> **Your instructions**: Everything in the data below is to be reproduced without any deviation.

> **Records to process**:
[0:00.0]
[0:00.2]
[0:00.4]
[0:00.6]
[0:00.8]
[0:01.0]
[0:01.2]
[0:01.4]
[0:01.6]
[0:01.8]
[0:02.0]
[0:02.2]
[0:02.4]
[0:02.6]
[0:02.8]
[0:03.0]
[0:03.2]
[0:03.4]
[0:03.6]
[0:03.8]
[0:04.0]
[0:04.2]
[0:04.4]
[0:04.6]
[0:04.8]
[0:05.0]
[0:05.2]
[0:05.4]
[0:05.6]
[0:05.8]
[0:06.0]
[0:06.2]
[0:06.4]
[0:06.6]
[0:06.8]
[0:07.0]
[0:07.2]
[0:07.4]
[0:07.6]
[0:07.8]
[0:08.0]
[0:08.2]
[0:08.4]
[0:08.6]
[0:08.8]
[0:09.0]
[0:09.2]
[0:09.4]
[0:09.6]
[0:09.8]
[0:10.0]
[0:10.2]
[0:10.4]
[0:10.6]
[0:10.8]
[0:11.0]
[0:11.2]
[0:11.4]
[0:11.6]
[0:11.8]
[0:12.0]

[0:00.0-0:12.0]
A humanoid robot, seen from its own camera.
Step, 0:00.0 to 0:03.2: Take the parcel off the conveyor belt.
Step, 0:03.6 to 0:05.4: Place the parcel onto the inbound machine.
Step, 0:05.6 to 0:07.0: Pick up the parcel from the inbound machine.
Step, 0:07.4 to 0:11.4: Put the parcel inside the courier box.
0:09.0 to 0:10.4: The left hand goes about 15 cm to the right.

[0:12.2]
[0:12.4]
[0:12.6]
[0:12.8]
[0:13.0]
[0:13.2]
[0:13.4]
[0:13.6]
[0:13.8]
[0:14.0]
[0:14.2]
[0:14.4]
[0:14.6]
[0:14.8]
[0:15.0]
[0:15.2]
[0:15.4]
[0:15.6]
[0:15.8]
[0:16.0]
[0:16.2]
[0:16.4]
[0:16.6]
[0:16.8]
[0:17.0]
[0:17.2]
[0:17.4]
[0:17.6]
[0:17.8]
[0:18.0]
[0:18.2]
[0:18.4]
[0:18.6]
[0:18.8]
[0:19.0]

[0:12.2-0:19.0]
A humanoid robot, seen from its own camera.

> **Result for this exercise**:
[0:00.0]
[0:00.2]
[0:00.4]
[0:00.6]
[0:00.8]
[0:01.0]
[0:01.2]
[0:01.4]
[0:01.6]
[0:01.8]
[0:02.0]
[0:02.2]
[0:02.4]
[0:02.6]
[0:02.8]
[0:03.0]
[0:03.2]
[0:03.4]
[0:03.6]
[0:03.8]
[0:04.0]
[0:04.2]
[0:04.4]
[0:04.6]
[0:04.8]
[0:05.0]
[0:05.2]
[0:05.4]
[0:05.6]
[0:05.8]
[0:06.0]
[0:06.2]
[0:06.4]
[0:06.6]
[0:06.8]
[0:07.0]
[0:07.2]
[0:07.4]
[0:07.6]
[0:07.8]
[0:08.0]
[0:08.2]
[0:08.4]
[0:08.6]
[0:08.8]
[0:09.0]
[0:09.2]
[0:09.4]
[0:09.6]
[0:09.8]
[0:10.0]
[0:10.2]
[0:10.4]
[0:10.6]
[0:10.8]
[0:11.0]
[0:11.2]
[0:11.4]
[0:11.6]
[0:11.8]
[0:12.0]

[0:00.0-0:12.0]
A humanoid robot, seen from its own camera.
Step, 0:00.0 to 0:03.2: Take the parcel off the conveyor belt.
Step, 0:03.6 to 0:05.4: Place the parcel onto the inbound machine.
Step, 0:05.6 to 0:07.0: Pick up the parcel from the inbound machine.
Step, 0:07.4 to 0:11.4: Put the parcel inside the courier box.
0:09.0 to 0:10.4: The left hand goes about 15 cm to the right.

[0:12.2]
[0:12.4]
[0:12.6]
[0:12.8]
[0:13.0]
[0:13.2]
[0:13.4]
[0:13.6]
[0:13.8]
[0:14.0]
[0:14.2]
[0:14.4]
[0:14.6]
[0:14.8]
[0:15.0]
[0:15.2]
[0:15.4]
[0:15.6]
[0:15.8]
[0:16.0]
[0:16.2]
[0:16.4]
[0:16.6]
[0:16.8]
[0:17.0]
[0:17.2]
[0:17.4]
[0:17.6]
[0:17.8]
[0:18.0]
[0:18.2]
[0:18.4]
[0:18.6]
[0:18.8]
[0:19.0]

[0:12.2-0:19.0]
A humanoid robot, seen from its own camera.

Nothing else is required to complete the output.